Why this lives outside RTFM¶
RTFM doesn't bundle any mappings. The NotebookLM project ships its own
nblm-answer.yaml — copy it into .rtfm/mappings/ and you're done. Same
goes for any other tool: the project that produces a JSON schema is best
positioned to define how it should be indexed.

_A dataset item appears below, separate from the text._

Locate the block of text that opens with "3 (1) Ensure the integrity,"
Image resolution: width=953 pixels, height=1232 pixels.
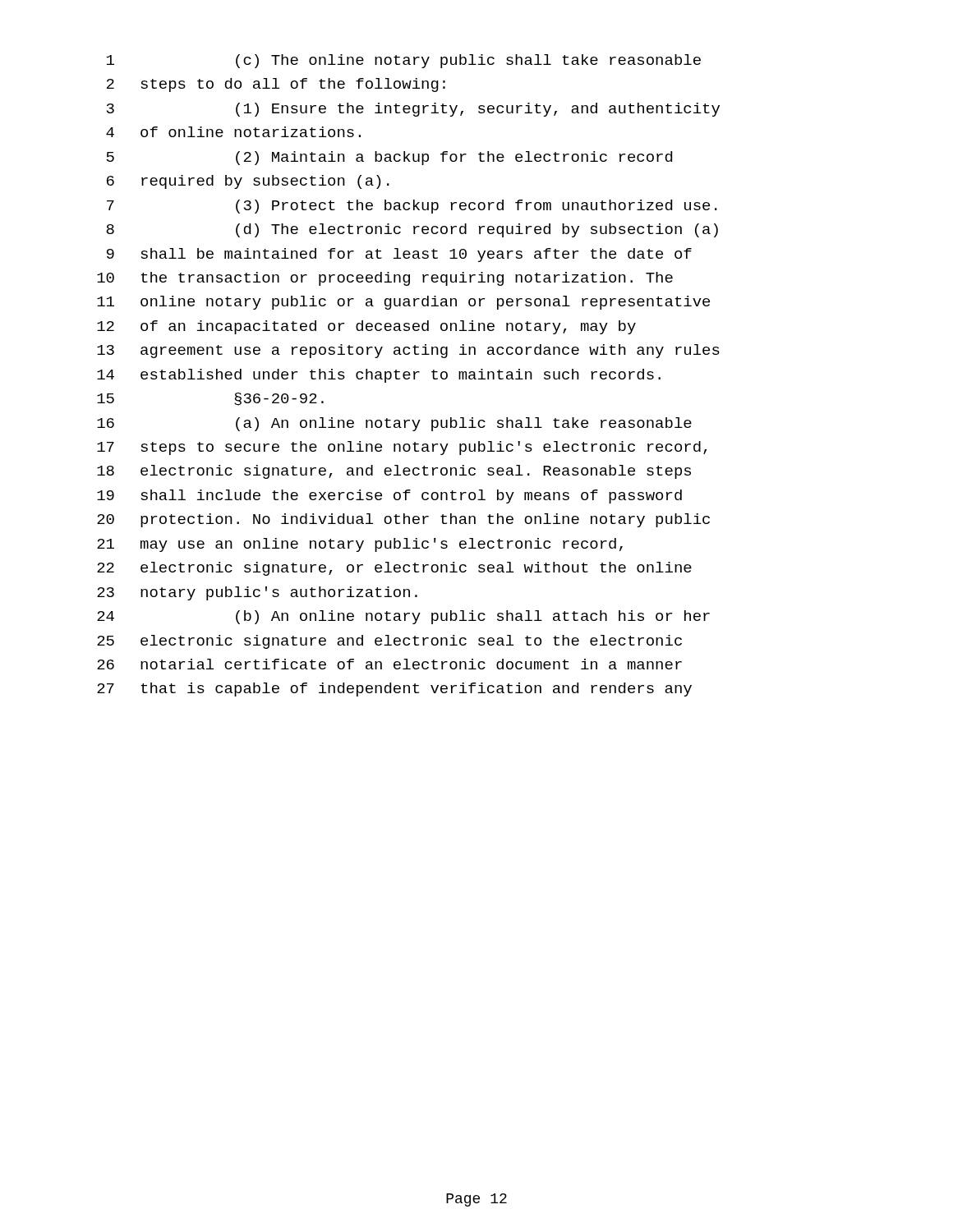pos(476,110)

This keeps RTFM honest about its scope: a generic retrieval layer that extends through pluggable conventions, not a registry of every format under the sun.
Examples to look at¶
- Start here: NotebookLM
answer.json— see the full RTFM × NotebookLM recipe for the ready-to-copy mapping and the markdown-only alternative path. - OpenAPI specs: one chunk per
paths.<route>operation, edges for$refs. - Linear/Jira exports: one chunk per issue, edges for
parent_id,blocks. - Test reports (Vitest, pytest JSON): one chunk per failure, metadata
with
file,line,error_type.
If you write a useful mapping, share it — open a PR adding the snippet to this page.